Just you

I actually worked this out the long way (0.5n(n+1), quadratic forumulae and all) before I realised it was just triangular numbers forwards and backwards.

There are 146+145+144+...+1 matches, and therefore the same number of balls. With that many balls you can of course make a triangle of 146 rows (1 ball, 2 balls... 146 balls). You must've been last in line DGE.

Do I get a bonus point for saying that the maximum possible break (free balls aside) in the final would've been 84707?

Indeed, I was the only unfortunate one. Of course, it would have been the same answer regardless of how many players were in my league (provided there are at least two - with fewer than two it would not be very exciting and the final would be a morose affair).

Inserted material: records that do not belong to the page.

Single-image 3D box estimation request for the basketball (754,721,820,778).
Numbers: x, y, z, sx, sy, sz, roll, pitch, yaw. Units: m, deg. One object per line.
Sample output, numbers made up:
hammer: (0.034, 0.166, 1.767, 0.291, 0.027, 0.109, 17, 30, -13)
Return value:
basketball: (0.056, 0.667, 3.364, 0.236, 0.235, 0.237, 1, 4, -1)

I am afraid that I cannot award you a bonus point for saying that the maximum break (free balls aside) would have been 84,707. Had you said that the maximum break (free balls aside) would have been 85,875 (=147x146/2 x 8 + 27), maybe it would have been a different matter....

D'oh!

I did Maths A level last year and have no idea what you are on about

So I repeat Rob and say

As DGE reminded me earlier, I'm supposed to be doing a maths degree from september, and I seem to have trouble with numbers once I run out of fingers to count on. Very worrying .

It's a shame applied maths doesn't suit itself to interesting snooker puzzles, I'm alright at that .

I'll see if I can find a tricky one for you tomorrow DGE .

According to my page, my average daily activity is 27½ posts.

I don't recall posting half a message!

I liked your question,DG. Will there be more?

Certainly, abextra Thank you.

I am about to go and get ready to watch the football, so don't have time this very minute to think up a new question, but in the meantime I shall quickly repost here a few of the questions I posed in the BBC Five Live thread which I don't think were ever successfully answered (some of which I have changed slightly)!

And so...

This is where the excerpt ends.